Here we need a helper function to let PyMC know that the mean is a deterministic function of the parameters \(a\), \(b\) and \(x\). We can do this with a decorator, like so:

@pymc.deterministic
def mu(a=a, b=b, x=x):
    return a*x + b

# observed data
n = 21
a = 6
b = 2
sigma = 2
x = np.linspace(0, 1, n)
y_obs = a*x + b + np.random.normal(0, sigma, n)
data = pd.DataFrame(np.array([x, y_obs]).T, columns=['x', 'y'])

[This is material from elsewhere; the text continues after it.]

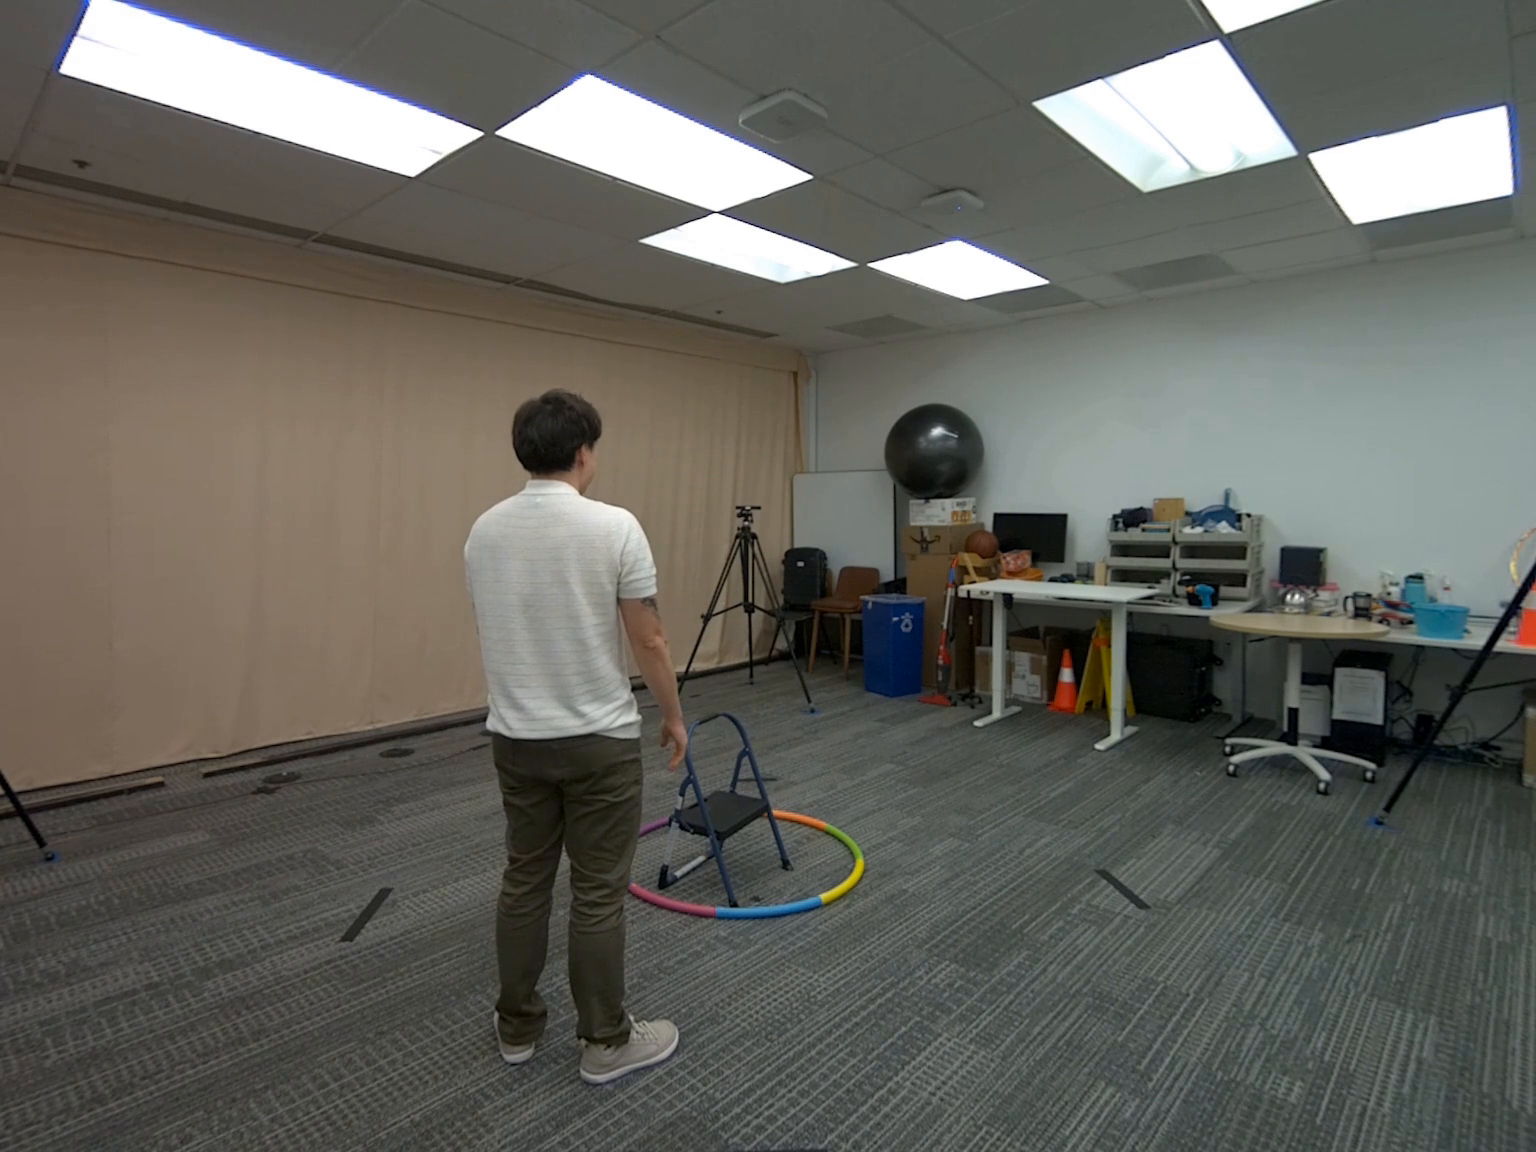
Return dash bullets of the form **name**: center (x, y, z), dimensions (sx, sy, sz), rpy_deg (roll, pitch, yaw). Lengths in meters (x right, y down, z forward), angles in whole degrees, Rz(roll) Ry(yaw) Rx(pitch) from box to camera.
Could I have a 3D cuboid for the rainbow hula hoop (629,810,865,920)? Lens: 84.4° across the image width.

data.plot(x='x', y='y', kind='scatter', s=50);

# define priors
a = pymc.Normal('slope', mu=0, tau=1.0/10**2)
b = pymc.Normal('intercept', mu=0, tau=1.0/10**2)
tau = pymc.Gamma("tau", alpha=0.1, beta=0.1)

# define likelihood
@pymc.deterministic
def mu(a=a, b=b, x=x):
    return a*x + b

y = pymc.Normal('y', mu=mu, tau=tau, value=y_obs, observed=True)

# inference
m = pymc.Model([a, b, tau, x, y])
mc = pymc.MCMC(m)
mc.sample(iter=11000, burn=10000)

[-----------------100%-----------------] 11000 of 11000 complete in 6.1 sec

abar = a.stats()['mean']
bbar = b.stats()['mean']
data.plot(x='x', y='y', kind='scatter', s=50);
xp = np.array([x.min(), x.max()])
plt.plot(a.trace()*xp[:, None] + b.trace(), c='red', alpha=0.01)
plt.plot(xp, abar*xp + bbar, linewidth=2, c='red');

pymc.Matplot.plot(mc)

Plotting intercept
Plotting slope
Plotting tau

/Users/cliburn/anaconda/lib/python2.7/site-packages/numpy/core/fromnumeric.py:2507: VisibleDeprecationWarning: rank is deprecated; use the ndim attribute or function instead. To find the rank of a matrix see numpy.linalg.matrix_rank.
  VisibleDeprecationWarning)